Programming in the early 1950s was really fun. Much of its pleasure resulted from the absurd difficulties that “automatic calculators” created for their would-be users and the challenge this presented. The programmer had to be a resourceful inventor to adapt his problem to the idiosyncrasies of the computer: He had to fit his program and data into a tiny store, and overcome bizarre difficulties in getting information in and out of it, all while using a limited and often peculiar set of instructions. He had to employ every trick he could think of to make a program run at a speed that would justify the large cost of running it. And he had to do all of this by his own ingenuity, for the only information he had was a problem and a machine manual. Virtually the only knowledge about general techniques was the notion of a subroutine and its calling sequence.

A Möbius bug in a loop!

One early problem strained the SSEC’s capacity to the limit. The computation was divided into three phases; in the first phase a tape of many yards of intermediate results was punched out; during the second phase this tape was glued into a loop and mounted on a tape-reading station so that in the third phase it could be read many times. The problem ran successfully through many cycles of these three phases, but then a mysterious error began to appear and disappear regularly in the third phase. For a long time no one could account for it. Finally, the large pile of intermediate data tape was pulled from the bin below its reading station and a careful inspection revealed that it had been glued to form a Möbius strip rather than a simple loop. The result was that on every second revolution of the tape each number would be read in reverse order.

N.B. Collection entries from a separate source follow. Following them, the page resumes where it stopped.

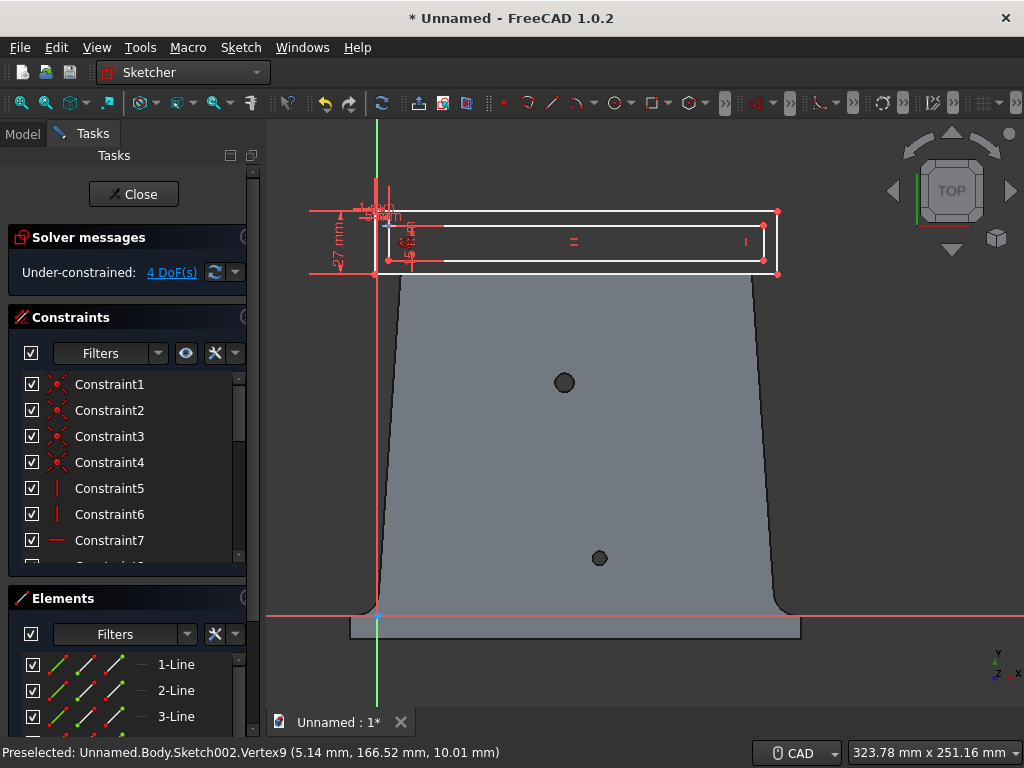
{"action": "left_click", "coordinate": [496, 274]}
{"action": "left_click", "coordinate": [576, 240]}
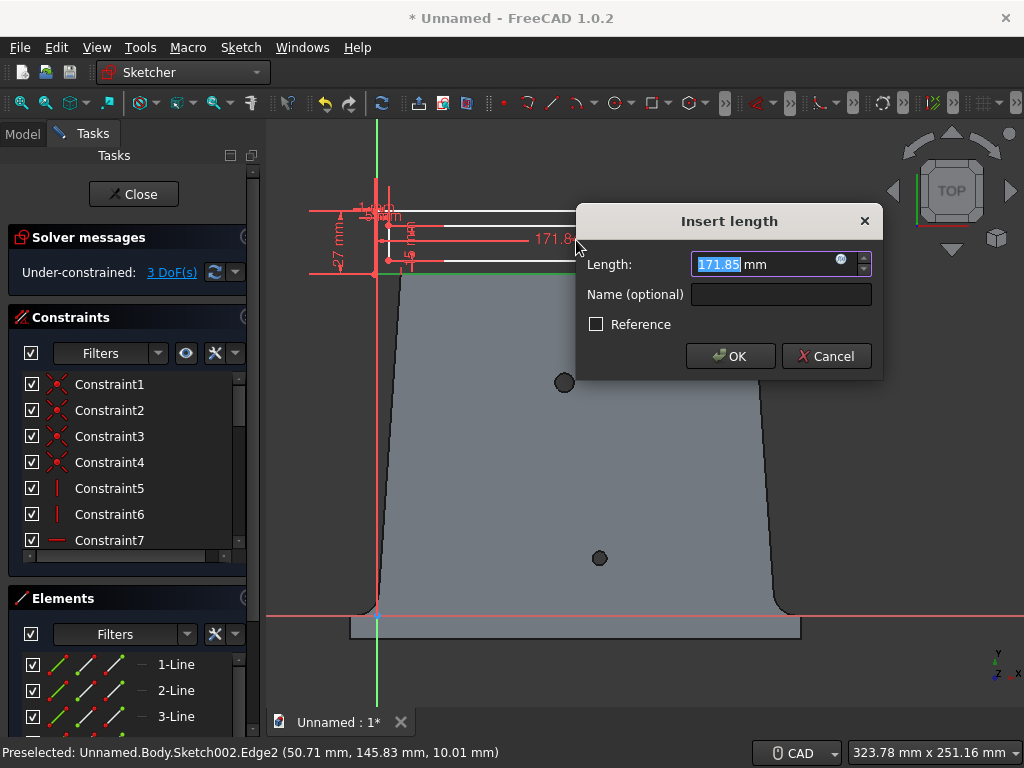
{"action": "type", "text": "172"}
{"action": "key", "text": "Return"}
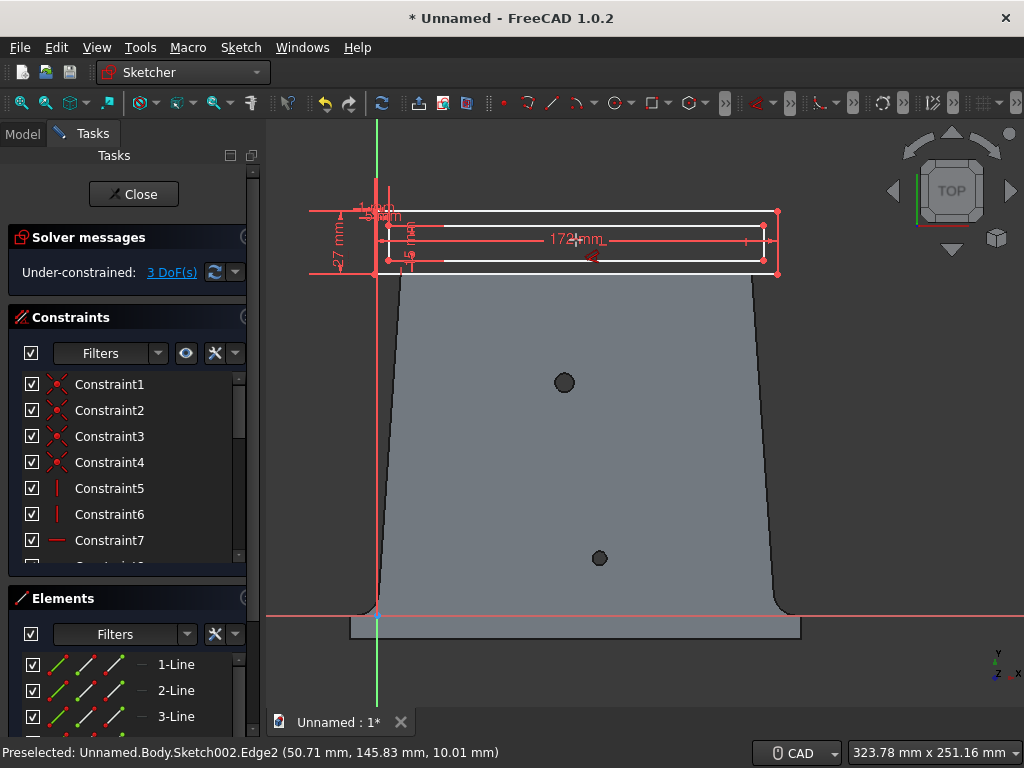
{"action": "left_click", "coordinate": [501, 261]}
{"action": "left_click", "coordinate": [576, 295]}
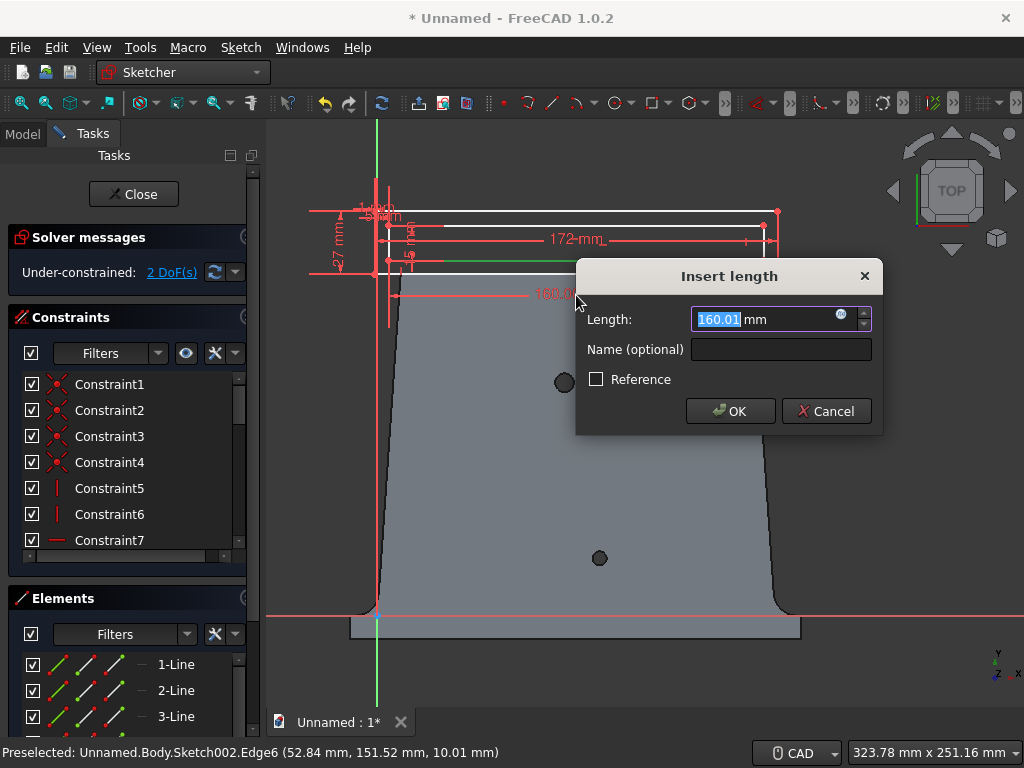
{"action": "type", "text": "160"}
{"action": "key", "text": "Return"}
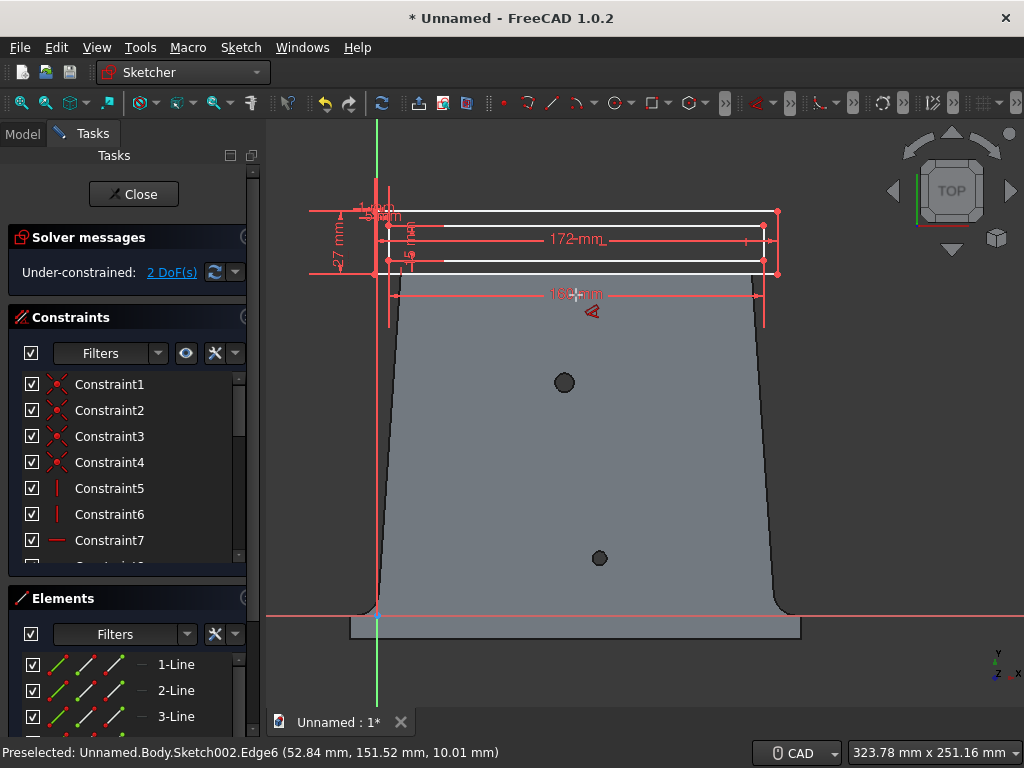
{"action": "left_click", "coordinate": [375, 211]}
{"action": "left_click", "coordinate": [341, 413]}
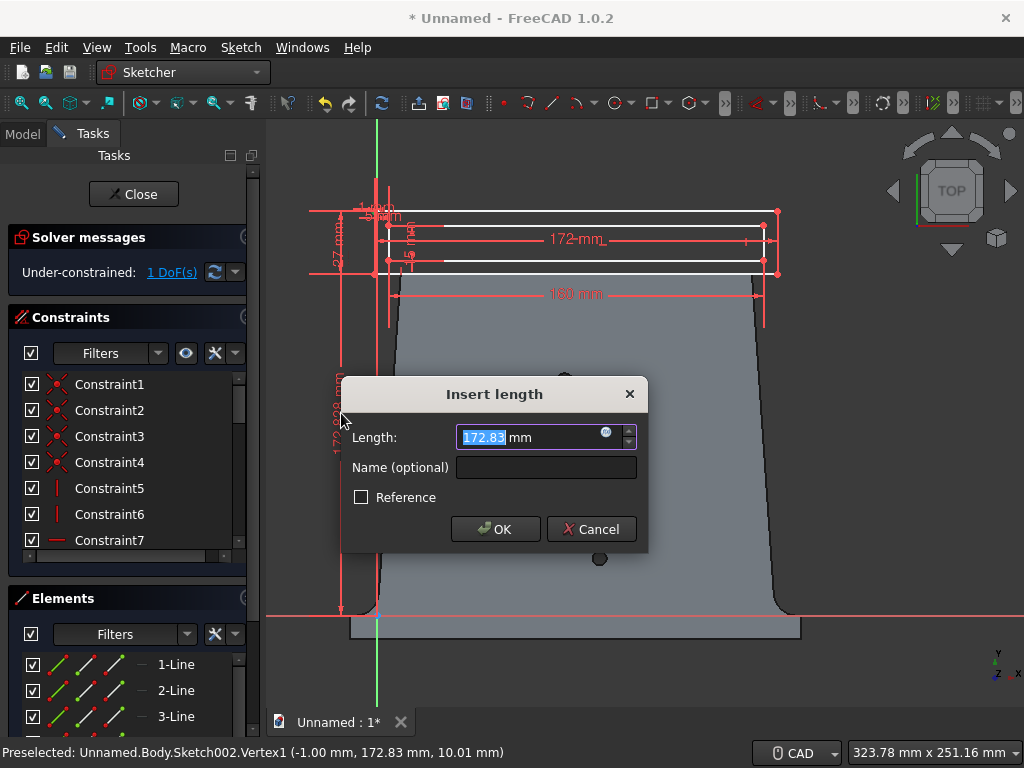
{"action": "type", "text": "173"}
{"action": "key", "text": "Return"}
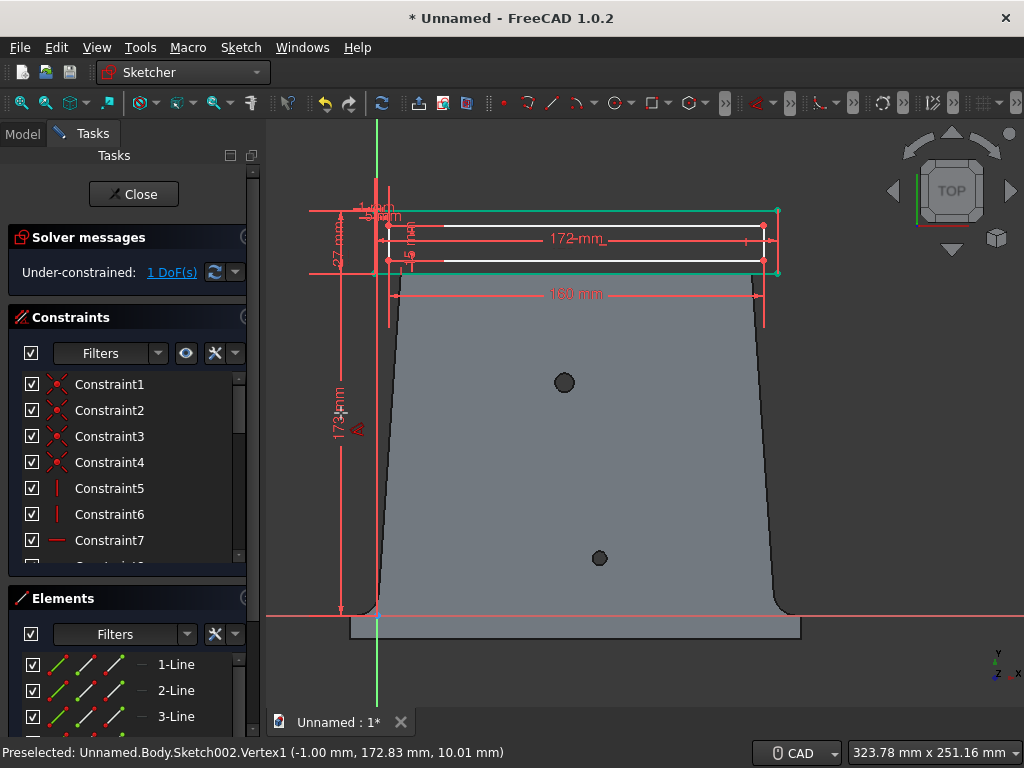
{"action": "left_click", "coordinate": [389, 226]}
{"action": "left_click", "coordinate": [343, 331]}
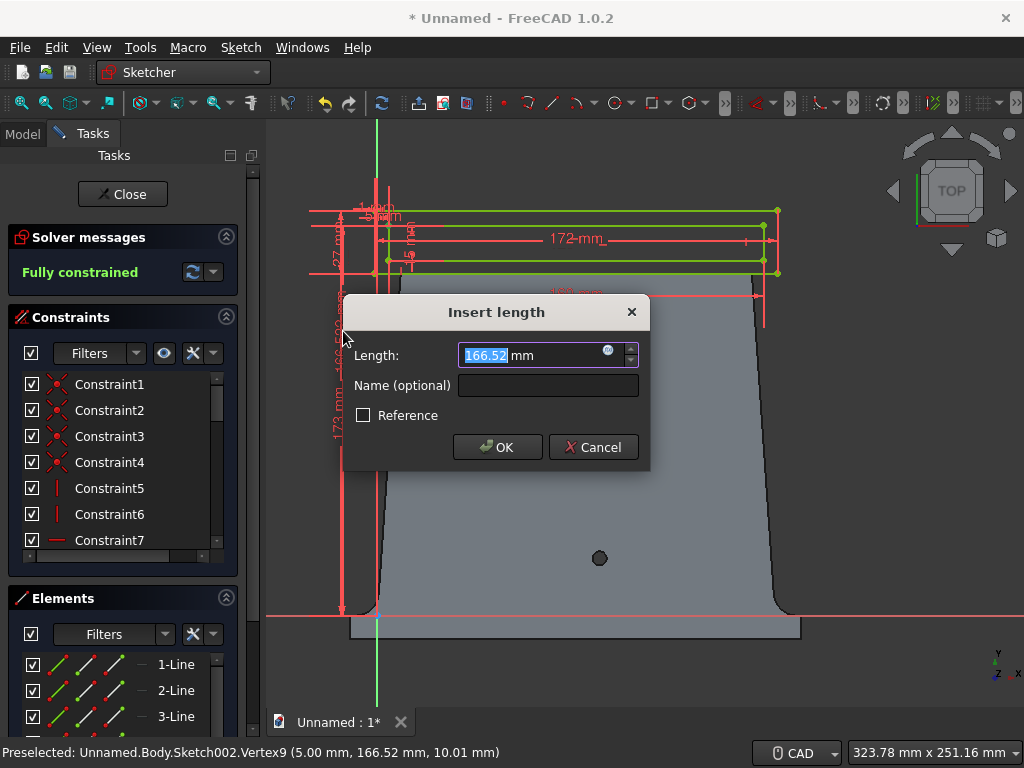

The resistance of the priesthood

The priesthood wanted and got simple mechanical aids for the clerical drudgery which burdened them, but they regarded with hostility and derision more ambitious plans to make programming accessible to a larger population. To them, it was obviously a foolish and arrogant dream to imagine that any mechanical process could possibly perform the mysterious feats of invention required to write an efficient program. Only the priests could do that. They were thus unalterably opposed to those mad revolutionaries who wanted to make programming so easy that anyone could to it.

1954: is the whole affair feasible?

The facts are these: work on FORTRAN began about January 1954 by Ziller and myself. By about April we had been joined by Harlan Herrick, who coauthored with me the paper “IBM 701 Speedcoding and other Automatic Programming systems” for the ONR symposium on 13 and 14 of May. In that paper we observe that a programmer “would like to write ‘X + Y’ instead of (the machine code)”
[
]
The article goes on to raise the following questions:

The question is, can a machine translate a sufficiently rich mathematical language into a sufficiently economical program at a sufficiently low cost to make the whole affair feasible?
consider the advantages of being able to state the calculations . . . for a problem solution in a concise, fairly natural mathematical language.

Absence of precise language definitions

The notation for syntax description known as BNF offers another example of a development which began with a prosaic recognition of a need. After involvement with two language design efforts-FORTRAN and IAL (ALGOL 58)-it became clear, as I was trying to describe IAL in 1959, that difficulties were occurring due to the absence of precise language definitions.